Quick and targeted feedback

College provides a rare opportunity to get constant and critical feedback on the work you’re doing while you’re doing it, without horrendous consequences. Yes, bad grades and humiliation in front of a classroom full of your peers may seem like horrendous consequences, but they are nothing compared to losing your health insurance, seeing your family go hungry, or getting kicked out of your home.

One of the principles of agile is the importance of getting quick feedback and using it to make adjustments to your process.

I’ve heard people say that the advantage of having somebody qualified who is there just to hold your hand and tell you honestly what they think of your work is worth the cost of tuition alone. In the real world, you often have to struggle to figure out whether or not what people are telling you is based on a different agenda than the one that may be obvious. In college, the people judging you and giving you feedback usually don’t have agendas that go too far beyond the scope of the syllabus. That opportunity to get quick feedback and adapt to it since you up to grow quickly.

Networking opportunities

No matter where you go, you’re sure to meet other people who can help you, and who can benefit from your help. Helping each other is one of the most valuable ways to grow and learn. At along the way, if you become a valuable resource to other people, they will see the benefits of doing the same resource for you.

A core principle of agile is prioritizing face-to-face conversation over dry abstract documentation, and that means knowing how to interact comfortably with a wide network of real human beings.

College exposes you to a broad selection of people looking to make a change in their skills and their status. These are people who have signed on and accepted the challenge. Where they go next in life builds naturally upon the way that they approach their studies, and as a fellow student you get a front row seat to watch their progress and apply the lessons they are learning to your life.

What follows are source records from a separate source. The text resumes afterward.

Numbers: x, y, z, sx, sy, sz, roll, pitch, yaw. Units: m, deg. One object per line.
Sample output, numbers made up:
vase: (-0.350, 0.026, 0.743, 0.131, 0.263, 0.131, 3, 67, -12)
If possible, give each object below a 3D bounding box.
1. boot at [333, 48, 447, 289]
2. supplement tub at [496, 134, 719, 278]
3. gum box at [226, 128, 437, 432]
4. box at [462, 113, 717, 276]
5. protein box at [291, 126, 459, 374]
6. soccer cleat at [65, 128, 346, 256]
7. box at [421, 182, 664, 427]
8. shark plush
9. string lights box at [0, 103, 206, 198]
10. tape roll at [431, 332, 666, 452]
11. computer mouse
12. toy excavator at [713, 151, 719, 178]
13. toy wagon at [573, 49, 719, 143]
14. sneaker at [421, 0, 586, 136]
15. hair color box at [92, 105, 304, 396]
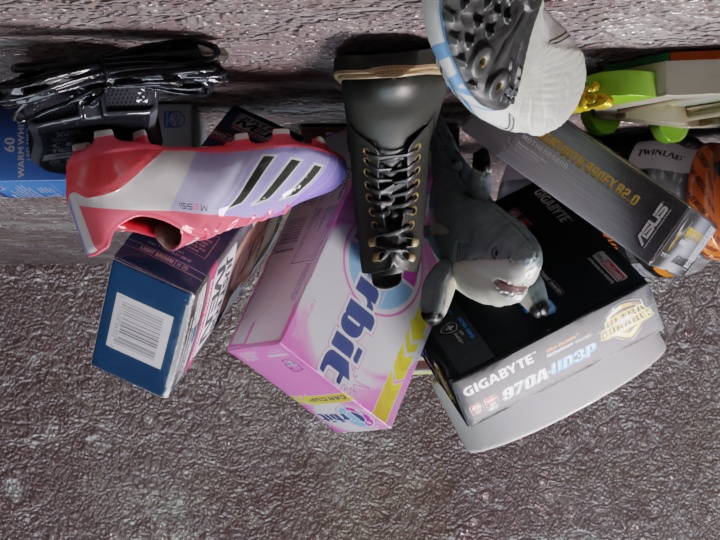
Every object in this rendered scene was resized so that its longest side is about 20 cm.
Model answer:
boot: (0.024, -0.063, 1.056, 0.077, 0.139, 0.200, -1, 176, 4)
supplement tub: (0.227, -0.054, 1.419, 0.199, 0.124, 0.122, -4, 176, 38)
gum box: (0.000, 0.000, 1.184, 0.113, 0.201, 0.066, 39, 151, -30)
box: (0.168, -0.063, 1.166, 0.158, 0.048, 0.200, 38, -172, 16)
protein box: (0.010, -0.011, 1.418, 0.134, 0.202, 0.199, 0, 177, -4)
soccer cleat: (-0.095, -0.048, 1.054, 0.199, 0.077, 0.067, -1, 170, -36)
box: (0.112, 0.018, 1.229, 0.158, 0.046, 0.200, -26, -150, -3)
shark plush: (0.086, -0.045, 1.134, 0.090, 0.201, 0.084, 5, 132, -7)
string lights box: (-0.220, -0.089, 1.249, 0.198, 0.059, 0.103, -1, 176, 0)
tape roll: (0.164, 0.082, 1.447, 0.202, 0.071, 0.202, -28, -178, 1)
computer mouse: (-0.162, -0.109, 1.027, 0.138, 0.053, 0.200, -8, 171, -14)
toy excavator: (0.304, -0.042, 1.115, 0.100, 0.195, 0.200, -32, 157, 17)
toy wagon: (0.214, -0.115, 1.071, 0.199, 0.040, 0.155, 3, 175, -37)
sneaker: (0.059, -0.115, 0.812, 0.072, 0.072, 0.200, 26, 179, 20)
hair color box: (-0.109, -0.017, 1.139, 0.060, 0.100, 0.200, 24, -139, 5)

Being a student gives you the opportunity to meet tomorrow’s professionals today, before they’ve funneled themselves into a career. As fellow students, you are peers today, regardless of where your work takes you in the future. You have a perfect excuse to meet and make friendships with other people who are also on a growth path. College is a great time to connect with the people you will be doing business with for the rest of your life.

Learning how to learn

The nature of being a student is having an open mind and learning new things. We spend our childhoods being taught traditional subjects such as math, science, languages, and social skills, but the meta-lesson is how to walk into a new subject without any experience or knowledge, and walk out with a skill.

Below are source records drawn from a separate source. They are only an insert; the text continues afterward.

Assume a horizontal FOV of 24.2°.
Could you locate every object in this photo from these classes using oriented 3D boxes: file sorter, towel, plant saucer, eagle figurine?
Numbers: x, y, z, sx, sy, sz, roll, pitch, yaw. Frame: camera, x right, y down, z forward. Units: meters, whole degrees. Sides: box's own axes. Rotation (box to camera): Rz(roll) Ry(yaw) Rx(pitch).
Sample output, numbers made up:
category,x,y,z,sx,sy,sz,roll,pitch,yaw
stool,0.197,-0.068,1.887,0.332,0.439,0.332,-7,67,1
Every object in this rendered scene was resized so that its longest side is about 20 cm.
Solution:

Agile teaches us not to take our process for granted, and to revisit what we’ve learned regularly to make sure the lessons still apply as our context changes.

It takes courage, and a willingness to try something, fail, try again, notice what changed, and adjust. No matter how high we may think the stakes are when faced with the prospect of bad grades, the protected environment of college is a beautiful place to let oneself fail at something large and complex, and notice what happens.

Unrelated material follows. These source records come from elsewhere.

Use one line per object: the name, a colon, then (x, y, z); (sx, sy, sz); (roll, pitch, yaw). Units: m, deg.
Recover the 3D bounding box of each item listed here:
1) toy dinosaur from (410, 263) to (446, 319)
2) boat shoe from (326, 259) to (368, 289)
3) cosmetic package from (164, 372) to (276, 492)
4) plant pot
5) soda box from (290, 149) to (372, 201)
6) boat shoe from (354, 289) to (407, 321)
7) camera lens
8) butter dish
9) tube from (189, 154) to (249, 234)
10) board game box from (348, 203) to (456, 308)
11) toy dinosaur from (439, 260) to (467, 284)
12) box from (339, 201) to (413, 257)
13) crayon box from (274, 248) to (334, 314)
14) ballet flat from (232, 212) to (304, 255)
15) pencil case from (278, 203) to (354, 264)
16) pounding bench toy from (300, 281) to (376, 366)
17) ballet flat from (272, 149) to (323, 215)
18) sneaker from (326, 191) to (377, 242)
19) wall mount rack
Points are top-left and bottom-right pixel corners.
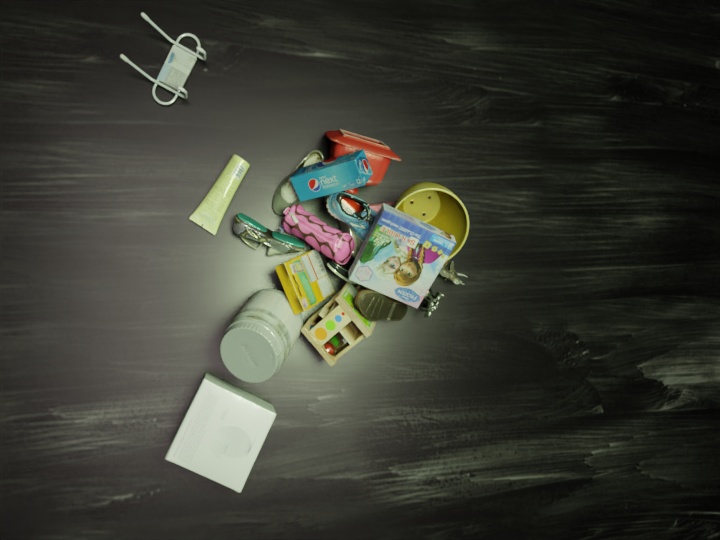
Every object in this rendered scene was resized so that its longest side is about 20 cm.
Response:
toy dinosaur: (0.156, 0.050, 1.496); (0.136, 0.200, 0.102); (47, 34, -1)
boat shoe: (0.001, 0.001, 1.457); (0.196, 0.075, 0.067); (27, 107, -30)
cosmetic package: (-0.339, 0.391, 1.351); (0.196, 0.123, 0.204); (29, 81, -13)
plant pot: (0.161, -0.137, 1.370); (0.193, 0.143, 0.205); (-1, 121, -1)
soda box: (-0.072, -0.233, 1.362); (0.069, 0.195, 0.065); (65, 33, -25)
boat shoe: (0.040, 0.086, 1.410); (0.198, 0.067, 0.073); (24, 96, -51)
camera lens: (-0.235, 0.152, 1.336); (0.155, 0.201, 0.165); (5, 115, 11)
butter dish: (-0.011, -0.276, 1.459); (0.194, 0.201, 0.152); (14, 108, -14)
tube: (-0.357, -0.200, 1.418); (0.057, 0.052, 0.204); (25, 83, 30)
board game box: (0.097, -0.030, 1.322); (0.195, 0.042, 0.203); (21, 117, -13)
toy dinosaur: (0.219, -0.048, 1.556); (0.100, 0.077, 0.206); (-7, 78, -32)
box: (0.050, -0.110, 1.485); (0.194, 0.109, 0.132); (-9, 90, -15)
crayon box: (-0.143, 0.028, 1.388); (0.050, 0.200, 0.129); (-21, 94, 21)
ballet flat: (-0.244, -0.079, 1.437); (0.196, 0.072, 0.074); (25, 81, -12)
pencil case: (-0.109, -0.094, 1.406); (0.197, 0.094, 0.092); (29, 72, 24)
pounding bench toy: (-0.051, 0.129, 1.447); (0.155, 0.200, 0.125); (-40, 95, 19)
ballet flat: (-0.166, -0.238, 1.457); (0.067, 0.064, 0.202); (37, 79, -4)
sneaker: (0.006, -0.127, 1.371); (0.197, 0.090, 0.080); (30, 80, -13)
wall mount rack: (-0.489, -0.532, 1.381); (0.170, 0.074, 0.205); (25, 81, -12)

It’s not an either/or choice

The most important point to keep in mind is that it’s your life. You can always go back and change your mind if the situation calls for it. None of us knows how long we have. Life is about adaptive capacity; the ability to make a choice, try it out for a few years, and if it doesn’t work out you try something else. Some choices do require postponing the reward you desire in order to put in the time necessary to explore an idea, get educated, and develop skills. And sometimes you decide along the way that other opportunities are more appealing, and let go of old dreams.

Time is the one resource none of us can replenish. Unless you have an urgent and pressing need that removes your choices for you, it’s always worth taking a step back before you start down a new path to consider whether the distant goal you’re working toward is worth the investment of these precious years of irreplaceable time. And for a young mind maturing in an uncertain world, it’s unreasonable to expect that the plans made for the child will still be appropriate after graduation without and adjustments.